You should tie your shoe you could trip and fall!:wacko:


----------



## marden64 (Dec 1, 2013)

hificruzer226 said:


> You should tie your shoe you could trip and fall!:wacko:


Maybe that would explain the bad knee :question:


----------



## hificruzer226 (Mar 27, 2013)

marden64 said:


> Maybe that would explain the bad knee :question:


The pic with the painted dash trim look at your shoes... they are super untied! (I was just being facetious)


----------



## Dragonsys (May 27, 2013)

looking good! The green inside goes well with the light interior


----------



## money_man (Feb 25, 2014)

I know...old thread but here goes

where are you getting your windows tinted at? Do you live in Halifax as well?

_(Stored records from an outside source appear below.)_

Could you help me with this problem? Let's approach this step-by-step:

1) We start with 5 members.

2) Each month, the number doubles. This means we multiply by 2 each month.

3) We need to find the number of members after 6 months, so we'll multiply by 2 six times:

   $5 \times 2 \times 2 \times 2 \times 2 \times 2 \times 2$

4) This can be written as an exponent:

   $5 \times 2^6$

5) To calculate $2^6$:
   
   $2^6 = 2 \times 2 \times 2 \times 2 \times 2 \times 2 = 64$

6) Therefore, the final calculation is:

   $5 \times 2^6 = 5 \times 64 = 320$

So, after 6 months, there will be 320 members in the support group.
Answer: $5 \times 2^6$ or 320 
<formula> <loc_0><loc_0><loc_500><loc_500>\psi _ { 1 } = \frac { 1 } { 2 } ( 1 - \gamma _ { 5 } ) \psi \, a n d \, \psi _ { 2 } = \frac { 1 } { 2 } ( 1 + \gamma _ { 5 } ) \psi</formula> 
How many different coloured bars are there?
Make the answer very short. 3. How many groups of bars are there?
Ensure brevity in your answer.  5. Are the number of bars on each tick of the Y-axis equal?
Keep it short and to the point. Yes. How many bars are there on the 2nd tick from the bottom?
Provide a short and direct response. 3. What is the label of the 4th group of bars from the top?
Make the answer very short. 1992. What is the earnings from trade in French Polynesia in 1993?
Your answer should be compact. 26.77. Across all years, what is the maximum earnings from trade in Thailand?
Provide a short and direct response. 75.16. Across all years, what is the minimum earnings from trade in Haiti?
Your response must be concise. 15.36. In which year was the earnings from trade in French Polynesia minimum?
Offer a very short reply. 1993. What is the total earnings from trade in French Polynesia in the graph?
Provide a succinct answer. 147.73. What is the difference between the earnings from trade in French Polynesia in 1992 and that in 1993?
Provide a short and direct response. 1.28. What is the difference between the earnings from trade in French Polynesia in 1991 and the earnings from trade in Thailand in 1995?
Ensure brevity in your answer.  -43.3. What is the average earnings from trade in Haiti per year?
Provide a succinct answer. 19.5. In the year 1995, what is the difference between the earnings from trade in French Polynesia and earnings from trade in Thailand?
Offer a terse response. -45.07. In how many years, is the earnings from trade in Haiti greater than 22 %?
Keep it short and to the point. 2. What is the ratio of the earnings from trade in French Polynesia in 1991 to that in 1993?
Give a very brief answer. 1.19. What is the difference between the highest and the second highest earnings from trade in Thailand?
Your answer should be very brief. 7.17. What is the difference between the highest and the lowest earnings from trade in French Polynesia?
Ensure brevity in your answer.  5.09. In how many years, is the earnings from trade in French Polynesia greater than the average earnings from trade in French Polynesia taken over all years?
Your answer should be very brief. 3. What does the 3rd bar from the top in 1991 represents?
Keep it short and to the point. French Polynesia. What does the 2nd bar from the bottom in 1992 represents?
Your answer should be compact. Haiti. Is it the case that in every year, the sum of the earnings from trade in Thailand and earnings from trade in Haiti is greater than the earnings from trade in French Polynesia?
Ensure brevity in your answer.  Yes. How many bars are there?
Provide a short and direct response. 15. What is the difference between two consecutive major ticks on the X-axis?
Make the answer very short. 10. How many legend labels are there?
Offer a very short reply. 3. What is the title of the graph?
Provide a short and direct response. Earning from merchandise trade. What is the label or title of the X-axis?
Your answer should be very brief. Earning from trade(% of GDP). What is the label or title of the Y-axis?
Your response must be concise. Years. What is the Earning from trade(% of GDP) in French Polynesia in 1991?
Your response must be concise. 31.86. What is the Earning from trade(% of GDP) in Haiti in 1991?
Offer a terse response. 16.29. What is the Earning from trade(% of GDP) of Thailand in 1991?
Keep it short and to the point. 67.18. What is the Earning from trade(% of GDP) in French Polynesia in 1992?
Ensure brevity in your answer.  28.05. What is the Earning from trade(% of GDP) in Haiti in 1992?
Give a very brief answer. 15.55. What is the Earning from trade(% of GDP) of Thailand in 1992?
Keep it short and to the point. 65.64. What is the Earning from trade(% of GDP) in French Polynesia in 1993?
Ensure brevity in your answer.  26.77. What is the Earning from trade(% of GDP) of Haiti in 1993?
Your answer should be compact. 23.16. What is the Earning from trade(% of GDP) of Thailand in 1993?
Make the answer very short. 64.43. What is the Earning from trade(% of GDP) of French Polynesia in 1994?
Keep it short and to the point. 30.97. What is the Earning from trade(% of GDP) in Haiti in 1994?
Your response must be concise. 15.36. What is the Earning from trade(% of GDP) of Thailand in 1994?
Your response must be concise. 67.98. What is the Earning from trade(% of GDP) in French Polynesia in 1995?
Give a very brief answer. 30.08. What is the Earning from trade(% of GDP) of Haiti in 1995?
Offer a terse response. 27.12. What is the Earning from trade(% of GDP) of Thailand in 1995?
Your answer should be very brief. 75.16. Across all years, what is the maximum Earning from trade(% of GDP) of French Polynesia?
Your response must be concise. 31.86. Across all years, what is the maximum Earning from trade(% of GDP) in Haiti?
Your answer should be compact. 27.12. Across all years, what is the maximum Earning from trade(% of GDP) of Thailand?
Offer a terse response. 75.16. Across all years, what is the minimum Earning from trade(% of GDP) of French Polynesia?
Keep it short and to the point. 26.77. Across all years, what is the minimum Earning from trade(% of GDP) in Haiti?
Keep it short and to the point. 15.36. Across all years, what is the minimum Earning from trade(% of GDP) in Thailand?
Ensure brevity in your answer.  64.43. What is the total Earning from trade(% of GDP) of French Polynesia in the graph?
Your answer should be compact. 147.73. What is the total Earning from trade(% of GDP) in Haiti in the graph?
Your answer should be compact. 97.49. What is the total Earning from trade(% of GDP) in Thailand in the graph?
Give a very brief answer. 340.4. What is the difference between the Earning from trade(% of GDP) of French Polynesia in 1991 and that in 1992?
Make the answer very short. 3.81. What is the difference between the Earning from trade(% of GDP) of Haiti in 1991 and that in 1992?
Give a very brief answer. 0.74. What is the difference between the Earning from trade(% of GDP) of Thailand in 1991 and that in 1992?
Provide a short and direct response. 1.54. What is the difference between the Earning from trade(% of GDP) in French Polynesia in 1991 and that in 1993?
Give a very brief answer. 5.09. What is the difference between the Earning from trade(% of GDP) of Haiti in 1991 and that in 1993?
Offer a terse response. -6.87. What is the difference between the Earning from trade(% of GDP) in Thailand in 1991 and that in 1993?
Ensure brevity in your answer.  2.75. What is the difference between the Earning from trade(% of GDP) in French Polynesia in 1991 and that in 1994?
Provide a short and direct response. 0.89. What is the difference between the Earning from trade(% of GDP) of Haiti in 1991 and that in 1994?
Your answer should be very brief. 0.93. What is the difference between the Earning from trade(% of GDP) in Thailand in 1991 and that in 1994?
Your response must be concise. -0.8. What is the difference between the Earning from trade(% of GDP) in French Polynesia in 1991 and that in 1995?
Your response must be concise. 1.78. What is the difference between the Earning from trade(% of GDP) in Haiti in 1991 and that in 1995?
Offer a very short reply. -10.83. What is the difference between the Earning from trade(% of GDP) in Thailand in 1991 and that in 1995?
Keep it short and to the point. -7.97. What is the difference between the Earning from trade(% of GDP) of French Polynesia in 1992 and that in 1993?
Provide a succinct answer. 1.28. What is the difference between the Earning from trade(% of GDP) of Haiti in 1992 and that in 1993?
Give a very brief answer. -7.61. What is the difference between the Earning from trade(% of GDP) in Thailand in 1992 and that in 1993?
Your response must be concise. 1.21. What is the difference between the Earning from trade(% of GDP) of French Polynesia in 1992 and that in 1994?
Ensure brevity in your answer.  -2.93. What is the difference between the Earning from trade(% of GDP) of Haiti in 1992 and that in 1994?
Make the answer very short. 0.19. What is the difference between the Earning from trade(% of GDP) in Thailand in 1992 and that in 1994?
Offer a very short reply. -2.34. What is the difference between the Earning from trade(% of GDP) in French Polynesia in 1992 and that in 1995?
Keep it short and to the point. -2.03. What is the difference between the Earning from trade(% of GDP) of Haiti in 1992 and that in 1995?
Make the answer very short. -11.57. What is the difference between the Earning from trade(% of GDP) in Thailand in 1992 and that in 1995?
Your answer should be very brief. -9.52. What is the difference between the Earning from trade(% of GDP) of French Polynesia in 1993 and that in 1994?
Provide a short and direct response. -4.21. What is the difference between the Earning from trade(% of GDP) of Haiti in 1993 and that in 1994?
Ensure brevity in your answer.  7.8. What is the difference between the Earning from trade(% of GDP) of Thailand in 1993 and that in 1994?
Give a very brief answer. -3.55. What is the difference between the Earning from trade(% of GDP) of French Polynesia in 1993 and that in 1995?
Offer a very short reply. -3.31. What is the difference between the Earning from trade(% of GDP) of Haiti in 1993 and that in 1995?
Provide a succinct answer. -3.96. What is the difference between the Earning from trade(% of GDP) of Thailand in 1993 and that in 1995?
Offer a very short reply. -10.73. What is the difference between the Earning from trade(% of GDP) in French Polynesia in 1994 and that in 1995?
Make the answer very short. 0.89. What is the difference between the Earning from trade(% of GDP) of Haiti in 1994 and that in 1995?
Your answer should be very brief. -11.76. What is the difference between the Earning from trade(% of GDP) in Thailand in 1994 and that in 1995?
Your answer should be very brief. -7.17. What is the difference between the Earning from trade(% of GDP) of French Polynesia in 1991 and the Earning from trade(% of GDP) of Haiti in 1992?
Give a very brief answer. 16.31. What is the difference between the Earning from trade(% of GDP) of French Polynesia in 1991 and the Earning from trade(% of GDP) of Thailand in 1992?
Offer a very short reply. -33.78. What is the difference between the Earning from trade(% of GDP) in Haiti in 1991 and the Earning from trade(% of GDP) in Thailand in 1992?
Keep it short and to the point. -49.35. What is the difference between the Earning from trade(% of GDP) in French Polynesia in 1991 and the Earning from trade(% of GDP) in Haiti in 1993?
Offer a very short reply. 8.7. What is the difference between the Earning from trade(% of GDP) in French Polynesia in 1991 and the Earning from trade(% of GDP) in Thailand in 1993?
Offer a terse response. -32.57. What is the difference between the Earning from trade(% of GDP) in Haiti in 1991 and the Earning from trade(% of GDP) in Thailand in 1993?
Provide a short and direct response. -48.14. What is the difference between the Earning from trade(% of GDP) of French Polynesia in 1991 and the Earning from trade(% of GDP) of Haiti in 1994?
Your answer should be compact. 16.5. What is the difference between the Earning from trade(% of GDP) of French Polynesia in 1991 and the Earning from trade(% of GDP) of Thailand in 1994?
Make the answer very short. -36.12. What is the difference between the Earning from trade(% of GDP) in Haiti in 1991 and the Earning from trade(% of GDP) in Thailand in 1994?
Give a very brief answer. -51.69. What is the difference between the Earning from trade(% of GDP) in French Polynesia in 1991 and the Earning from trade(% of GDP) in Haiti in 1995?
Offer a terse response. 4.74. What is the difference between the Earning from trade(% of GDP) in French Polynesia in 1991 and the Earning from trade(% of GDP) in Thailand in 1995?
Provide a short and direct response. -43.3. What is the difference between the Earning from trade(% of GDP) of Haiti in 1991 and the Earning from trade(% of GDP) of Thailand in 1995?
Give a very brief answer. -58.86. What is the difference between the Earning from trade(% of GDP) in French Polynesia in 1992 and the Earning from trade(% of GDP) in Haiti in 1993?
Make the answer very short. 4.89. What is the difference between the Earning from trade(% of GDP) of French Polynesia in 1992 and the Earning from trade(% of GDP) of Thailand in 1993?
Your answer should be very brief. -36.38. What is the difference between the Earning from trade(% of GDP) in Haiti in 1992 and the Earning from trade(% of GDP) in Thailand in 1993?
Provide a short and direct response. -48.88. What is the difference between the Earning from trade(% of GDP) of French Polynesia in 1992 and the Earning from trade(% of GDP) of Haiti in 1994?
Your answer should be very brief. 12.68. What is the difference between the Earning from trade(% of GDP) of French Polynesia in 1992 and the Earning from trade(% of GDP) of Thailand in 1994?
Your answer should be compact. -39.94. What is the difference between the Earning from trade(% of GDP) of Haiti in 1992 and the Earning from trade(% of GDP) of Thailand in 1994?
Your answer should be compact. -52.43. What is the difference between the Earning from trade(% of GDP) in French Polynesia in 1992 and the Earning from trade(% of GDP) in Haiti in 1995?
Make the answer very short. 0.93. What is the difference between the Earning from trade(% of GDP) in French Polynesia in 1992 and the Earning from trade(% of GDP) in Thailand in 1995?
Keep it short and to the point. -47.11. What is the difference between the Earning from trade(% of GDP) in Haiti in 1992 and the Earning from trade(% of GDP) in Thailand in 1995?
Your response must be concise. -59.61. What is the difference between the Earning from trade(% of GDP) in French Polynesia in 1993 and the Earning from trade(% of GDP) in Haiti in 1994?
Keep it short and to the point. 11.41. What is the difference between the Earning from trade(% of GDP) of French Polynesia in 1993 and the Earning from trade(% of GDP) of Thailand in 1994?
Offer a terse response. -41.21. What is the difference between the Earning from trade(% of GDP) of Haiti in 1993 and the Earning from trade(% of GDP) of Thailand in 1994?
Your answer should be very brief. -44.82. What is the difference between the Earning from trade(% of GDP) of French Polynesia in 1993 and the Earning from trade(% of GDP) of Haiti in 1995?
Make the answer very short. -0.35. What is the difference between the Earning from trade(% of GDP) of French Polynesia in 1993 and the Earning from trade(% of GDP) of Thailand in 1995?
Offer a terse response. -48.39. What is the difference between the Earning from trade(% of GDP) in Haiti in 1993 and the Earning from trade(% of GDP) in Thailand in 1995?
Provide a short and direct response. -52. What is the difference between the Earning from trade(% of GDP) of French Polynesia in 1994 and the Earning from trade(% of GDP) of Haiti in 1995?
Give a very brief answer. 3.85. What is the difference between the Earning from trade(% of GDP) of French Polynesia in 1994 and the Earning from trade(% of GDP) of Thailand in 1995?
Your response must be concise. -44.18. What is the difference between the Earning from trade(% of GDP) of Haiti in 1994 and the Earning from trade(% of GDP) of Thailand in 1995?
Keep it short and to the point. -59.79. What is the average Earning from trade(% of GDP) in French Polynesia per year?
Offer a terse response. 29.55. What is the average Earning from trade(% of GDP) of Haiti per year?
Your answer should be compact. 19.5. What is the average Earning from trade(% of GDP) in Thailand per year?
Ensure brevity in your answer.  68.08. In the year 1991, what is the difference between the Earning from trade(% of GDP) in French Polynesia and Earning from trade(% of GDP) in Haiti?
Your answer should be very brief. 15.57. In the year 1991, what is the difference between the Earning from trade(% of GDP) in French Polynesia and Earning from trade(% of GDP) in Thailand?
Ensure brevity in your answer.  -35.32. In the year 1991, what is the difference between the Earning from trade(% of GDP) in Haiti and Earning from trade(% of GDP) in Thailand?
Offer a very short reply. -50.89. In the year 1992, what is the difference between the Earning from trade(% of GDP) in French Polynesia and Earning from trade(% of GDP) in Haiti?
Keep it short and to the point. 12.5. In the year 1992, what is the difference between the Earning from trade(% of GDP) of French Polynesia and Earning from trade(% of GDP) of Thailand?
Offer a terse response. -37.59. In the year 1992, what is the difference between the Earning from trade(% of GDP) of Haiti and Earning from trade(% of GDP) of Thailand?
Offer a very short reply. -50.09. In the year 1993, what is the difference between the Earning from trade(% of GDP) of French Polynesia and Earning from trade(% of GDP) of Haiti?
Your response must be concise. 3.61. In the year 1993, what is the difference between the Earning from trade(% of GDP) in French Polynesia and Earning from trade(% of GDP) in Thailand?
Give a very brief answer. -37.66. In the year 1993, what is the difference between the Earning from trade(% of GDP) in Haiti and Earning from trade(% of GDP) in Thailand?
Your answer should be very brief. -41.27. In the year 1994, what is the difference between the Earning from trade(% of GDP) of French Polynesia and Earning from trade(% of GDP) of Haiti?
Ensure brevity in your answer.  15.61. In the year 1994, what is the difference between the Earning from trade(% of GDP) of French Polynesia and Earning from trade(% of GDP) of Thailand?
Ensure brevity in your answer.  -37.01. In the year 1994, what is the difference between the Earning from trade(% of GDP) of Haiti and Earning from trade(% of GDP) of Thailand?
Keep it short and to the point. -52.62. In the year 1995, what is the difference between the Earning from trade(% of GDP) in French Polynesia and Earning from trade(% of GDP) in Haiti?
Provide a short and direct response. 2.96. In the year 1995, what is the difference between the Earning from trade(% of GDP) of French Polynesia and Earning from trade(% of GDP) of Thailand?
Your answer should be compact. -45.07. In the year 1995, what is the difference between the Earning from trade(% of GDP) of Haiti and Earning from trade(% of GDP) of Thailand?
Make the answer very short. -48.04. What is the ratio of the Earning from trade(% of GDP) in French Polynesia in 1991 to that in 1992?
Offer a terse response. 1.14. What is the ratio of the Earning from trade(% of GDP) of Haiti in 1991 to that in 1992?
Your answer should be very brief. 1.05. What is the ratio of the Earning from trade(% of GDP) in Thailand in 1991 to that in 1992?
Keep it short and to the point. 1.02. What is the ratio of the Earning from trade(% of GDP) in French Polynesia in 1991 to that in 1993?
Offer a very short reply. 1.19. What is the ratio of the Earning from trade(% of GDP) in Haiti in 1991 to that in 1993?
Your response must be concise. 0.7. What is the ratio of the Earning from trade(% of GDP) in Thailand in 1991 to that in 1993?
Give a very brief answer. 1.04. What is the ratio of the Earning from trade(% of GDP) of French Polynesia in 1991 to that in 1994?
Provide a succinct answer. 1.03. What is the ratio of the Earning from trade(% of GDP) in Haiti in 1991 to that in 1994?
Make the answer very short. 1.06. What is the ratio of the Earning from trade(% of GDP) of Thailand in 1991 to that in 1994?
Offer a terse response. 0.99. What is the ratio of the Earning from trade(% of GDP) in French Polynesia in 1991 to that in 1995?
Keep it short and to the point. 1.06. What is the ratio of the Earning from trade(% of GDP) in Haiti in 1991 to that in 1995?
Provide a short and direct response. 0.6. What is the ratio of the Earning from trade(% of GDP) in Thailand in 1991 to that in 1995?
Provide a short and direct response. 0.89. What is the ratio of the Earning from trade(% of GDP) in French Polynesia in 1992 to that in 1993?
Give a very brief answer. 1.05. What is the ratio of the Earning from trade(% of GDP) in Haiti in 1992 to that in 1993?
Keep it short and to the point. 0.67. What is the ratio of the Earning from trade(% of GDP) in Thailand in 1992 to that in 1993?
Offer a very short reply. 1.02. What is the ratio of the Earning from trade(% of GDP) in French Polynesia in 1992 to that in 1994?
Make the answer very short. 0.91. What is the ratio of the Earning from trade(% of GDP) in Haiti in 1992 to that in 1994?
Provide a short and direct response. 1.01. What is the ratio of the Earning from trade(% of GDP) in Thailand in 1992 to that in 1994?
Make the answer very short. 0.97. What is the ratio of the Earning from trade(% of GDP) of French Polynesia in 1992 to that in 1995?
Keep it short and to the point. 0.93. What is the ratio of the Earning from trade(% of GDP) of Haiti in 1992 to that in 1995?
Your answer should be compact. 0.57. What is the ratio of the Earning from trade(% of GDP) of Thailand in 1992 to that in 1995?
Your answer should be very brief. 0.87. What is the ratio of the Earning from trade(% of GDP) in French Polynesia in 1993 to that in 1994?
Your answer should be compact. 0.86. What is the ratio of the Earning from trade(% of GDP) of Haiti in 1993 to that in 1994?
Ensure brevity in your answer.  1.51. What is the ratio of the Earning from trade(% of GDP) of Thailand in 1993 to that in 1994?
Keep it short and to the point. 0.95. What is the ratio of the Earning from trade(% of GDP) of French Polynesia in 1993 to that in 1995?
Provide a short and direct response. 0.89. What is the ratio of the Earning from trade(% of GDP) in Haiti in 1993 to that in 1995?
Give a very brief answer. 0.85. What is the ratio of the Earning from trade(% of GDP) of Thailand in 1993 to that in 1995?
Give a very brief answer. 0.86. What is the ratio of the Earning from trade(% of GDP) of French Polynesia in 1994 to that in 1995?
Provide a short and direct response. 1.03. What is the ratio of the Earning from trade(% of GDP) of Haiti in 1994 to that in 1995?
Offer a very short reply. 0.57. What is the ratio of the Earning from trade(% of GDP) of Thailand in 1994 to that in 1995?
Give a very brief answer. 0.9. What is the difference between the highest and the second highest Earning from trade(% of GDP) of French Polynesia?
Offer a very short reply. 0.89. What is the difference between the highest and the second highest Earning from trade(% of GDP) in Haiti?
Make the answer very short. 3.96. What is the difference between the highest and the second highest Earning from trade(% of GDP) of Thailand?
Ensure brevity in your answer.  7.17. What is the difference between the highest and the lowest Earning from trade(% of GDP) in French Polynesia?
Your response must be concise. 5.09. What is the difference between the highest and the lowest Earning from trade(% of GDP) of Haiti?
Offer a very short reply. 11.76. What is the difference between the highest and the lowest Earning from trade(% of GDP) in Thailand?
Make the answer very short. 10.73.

what size rims did you go with?


----------



## marden64 (Dec 1, 2013)

Probably go with Auto Trim for the tint. They did my Metro in 2004 and in 10 years, it hasn't worn at all. Have been waiting for Halifax Tint to get back to me, but she never has. There's another place off that new exit in Sackville on the 101, Nobles Upholstery that I was looking at also. Don't know anything about him though. Price was cheaper than Trim Line as well.

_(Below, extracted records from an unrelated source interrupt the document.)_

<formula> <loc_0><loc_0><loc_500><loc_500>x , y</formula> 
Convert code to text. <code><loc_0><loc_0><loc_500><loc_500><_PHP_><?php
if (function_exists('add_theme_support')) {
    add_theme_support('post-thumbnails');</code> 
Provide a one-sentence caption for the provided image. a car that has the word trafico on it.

I went with the 16's and used the stock tires on them.


----------



## brian v (Dec 25, 2011)

Shaping up to be 1 unique cruzen Marden64 . Be cool stay cozy keep calm while cruzen and Best Wishes !


----------



## hificruzer226 (Mar 27, 2013)

marden64 said:


> Probably go with Auto Trim for the tint.


Hey I work at Auto Trim!


----------



## marden64 (Dec 1, 2013)

Thanks Brian. Slowly but surely it's getting there. Have my shark fin that I need to put on when it warms up. Should be in a few days.

Hif - you can vouch for the type of work that will be done then


----------



## marden64 (Dec 1, 2013)

Added a little something something today.


----------



## money_man (Feb 25, 2014)

I ended up going with superior auto glass. They've done two other vehicles of mine. Cost $250 tax included for rear windows @20%. Looks great


----------



## marden64 (Dec 1, 2013)

Cool. Auto Trim is going to charge me $240 for the back 5 and $275 for all 7. Think I'll go with 50% on front and 30% on the rest.

That's my next project.


----------



## money_man (Feb 25, 2014)

You put anything on the front and you're going to be peeling it back off when you get ticketed. Happened to 3 of my friends within 6 months of being tinted.


----------



## marden64 (Dec 1, 2013)

Depends on the level of tint and how noticeable it is. Say I went with a darker in the back, you may not notice that the front is??


----------



## marden64 (Dec 1, 2013)

A few changes made. It's getting there, slowly but surely


----------



## Chevyisforlife (Mar 8, 2015)

Awesome car! I love the green. Unfortunately you don't get to see too many of them :sad010:


----------